Think-Tank Creates Food Price-Volatility Detector

Anew statistical tool will help world leaders identify when food prices become dangerously volatile and help hunger fighters decide when to release food reserves to feed the poor, said a think-tank July 7.

The tool developed by the International Food Policy Research Institute (IFPRI) could answer two goals of agriculture ministers from the Group of 20 wealthy nations – it will make commodity markets easier to understand and help in design of a food safety net.

IFPRI said its tool will provide an early warning of excessive variability in food prices. Abnormal fluctuations in prices and returns usually are accompanied by lack of access to food by poor people. The IFPRI model tracks hard and soft wheat, corn and soybeans.

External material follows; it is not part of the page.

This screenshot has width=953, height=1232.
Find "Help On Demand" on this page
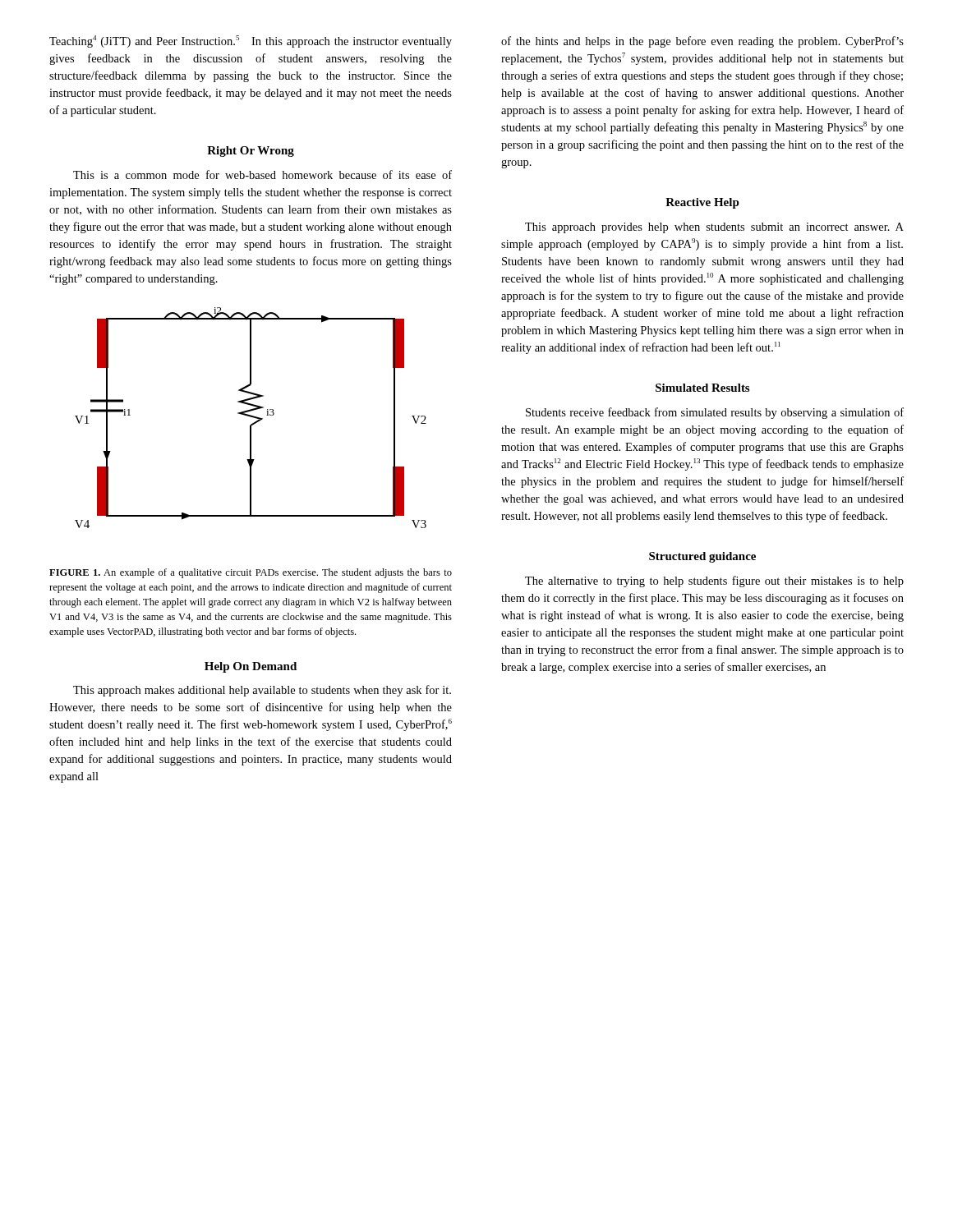(x=251, y=666)

Some 925 million people are chronically hungry worldwide. A surge in grain and soybean prices pushed a global food price index to a record high in February. The index remains at near-record levels.

Meeting in late June, the G20 agriculture ministers agreed to gather data on food output and supplies to calm volatile prices. They also asked the World Food Program to develop a pilot program for small regional food stockpiles for emergency use.

IFPRI will help operate the Agricultural Market Information System, based at the UN Food and Agriculture Organization. IFPRI is part of the Consultative Group on International Agricultural Research, a network of research centres.

With its price volatility tool, IFPRI scans closing futures prices daily for variations that would occur with less than a five per cent probability. The results are grouped with the preceding 60 days to judge if there is a period of excessive volatility.

The information could allow government officials to look at supplies and decide whether to wait out a price spike.

The tool, a non-parametric extreme quantile model, “allows the data to really speak,” said Carlos Martins Filho, IFPRI senior research fellow. He said it was “fully flexible” and could be applied to other commodities.